Page last updated at 20:50 GMT, Thursday, 26 June 2008 21:50 UK

Cameron's Britain: Euro-doubts

By Mark Mardell
Europe editor, BBC News

Flags of EU and member nations - file photo
The Conservatives want to repatriate certain powers from the EU

If David Cameron becomes prime minister he may spend an awful lot of time in Brussels as well as talking about Europe.

It is a tricky and potentially dangerous topic for the Conservatives, but the handful of policies that have been announced suggest it could blow up into one of the big stories if Mr Cameron makes it to No 10.

The Irish "no" to Lisbon raises even more tantalising possibilities.

The Conservatives are clear they do not want to leave the European Union, but have very severe doubts about the way it is being run at the moment.

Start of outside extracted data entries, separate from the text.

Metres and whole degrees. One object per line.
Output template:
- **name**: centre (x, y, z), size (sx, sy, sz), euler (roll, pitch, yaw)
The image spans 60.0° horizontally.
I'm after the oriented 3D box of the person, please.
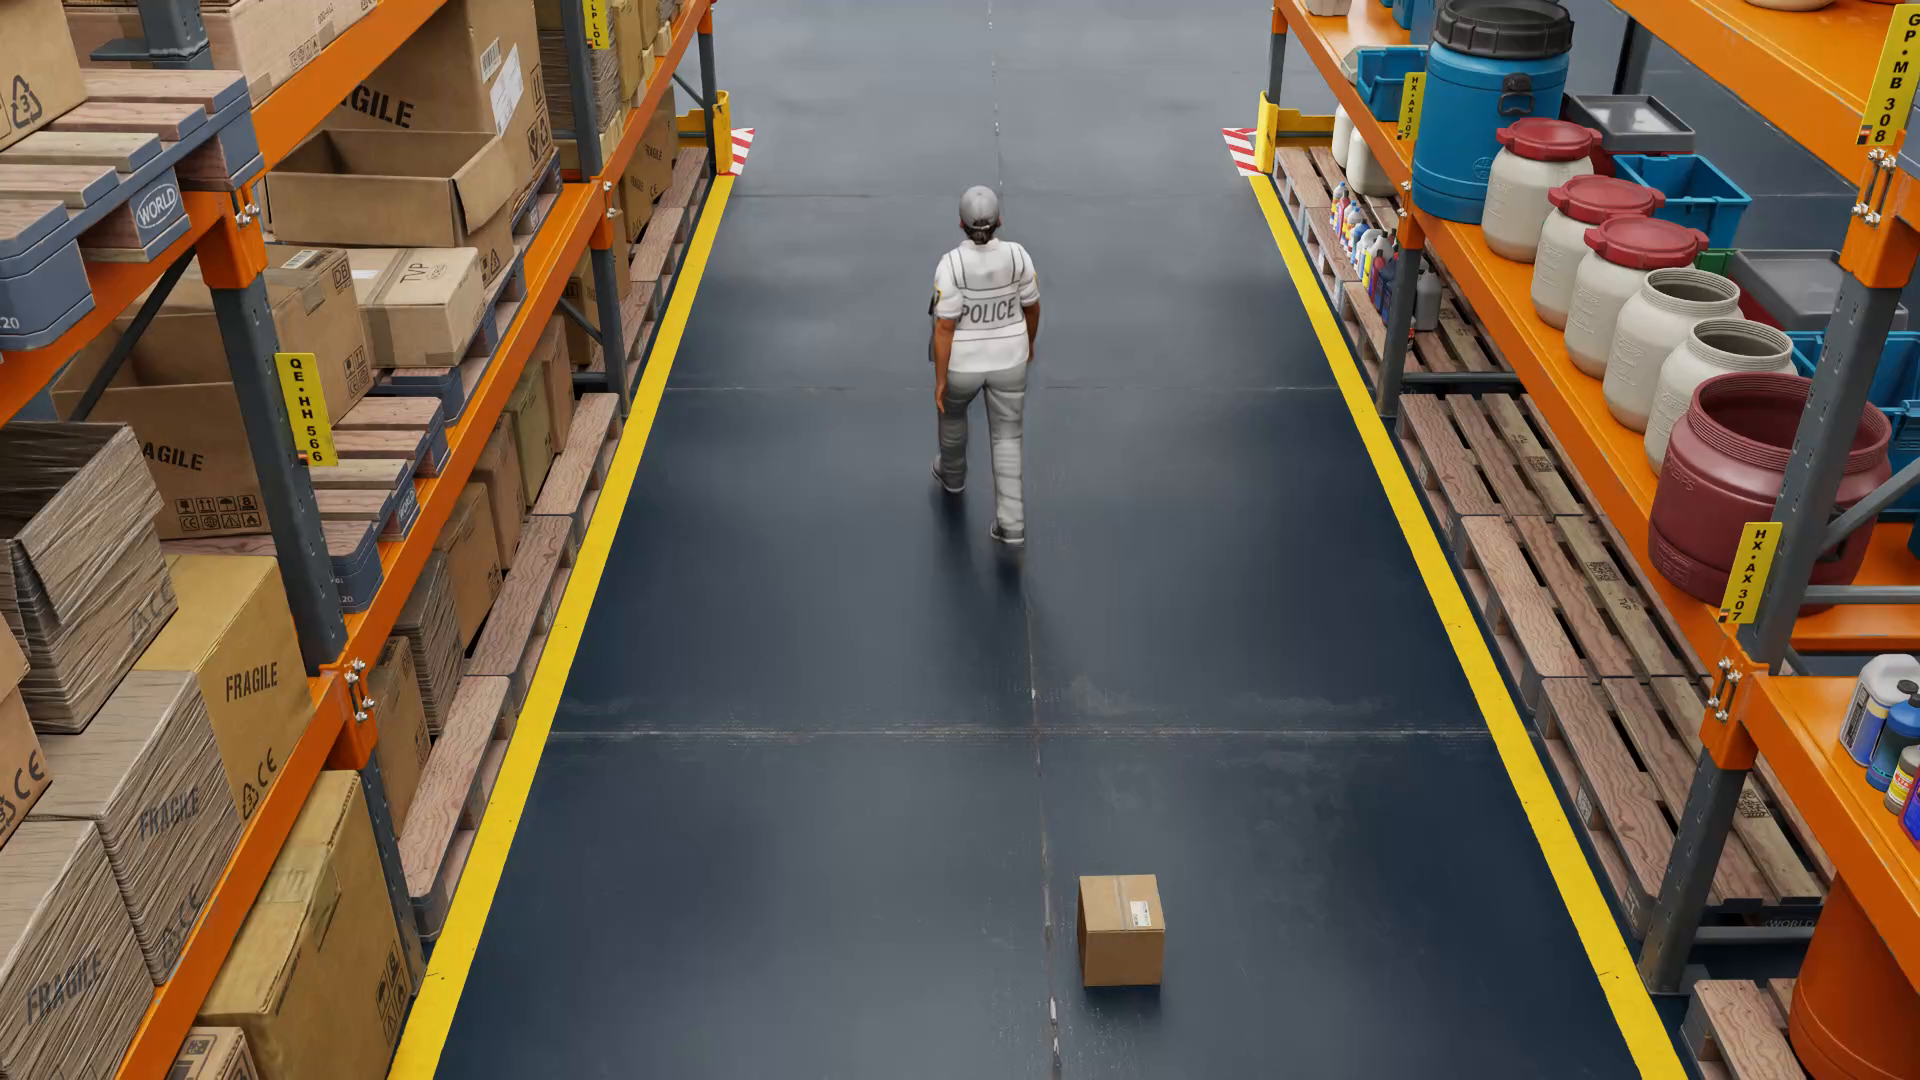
- **person**: centre (0.113, -0.814, 7.446), size (0.511, 1.614, 0.992), euler (-5, 32, -8)

Mr Cameron has made two firm promises - to take back certain powers from the EU and put his party at the forefront of forging a brand new European political group.

But more oblique hints suggest he could also be heading for a first-term referendum on Britain's relationship with the EU.

That's an awful lot of the "E" word for someone who was elected leader promising not to "bang on" about Europe.

It is a subject that evokes real passion in the hearts of many Conservative stalwarts.

That can make it an awkward subject too, where pragmatism is seen as betrayal and principle as obsession.

The Conservative civil war was about Europe, and it was a huge factor in Margaret Thatcher's downfall and the undermining of John Major's government.

David Cameron and Lord Heseltine
Lord Heseltine remains a keen Tory supporter of the EU

But times have changed; the pro-European generals, like Ken Clarke and Michael Heseltine, may not have quit the field but they no longer command big battalions.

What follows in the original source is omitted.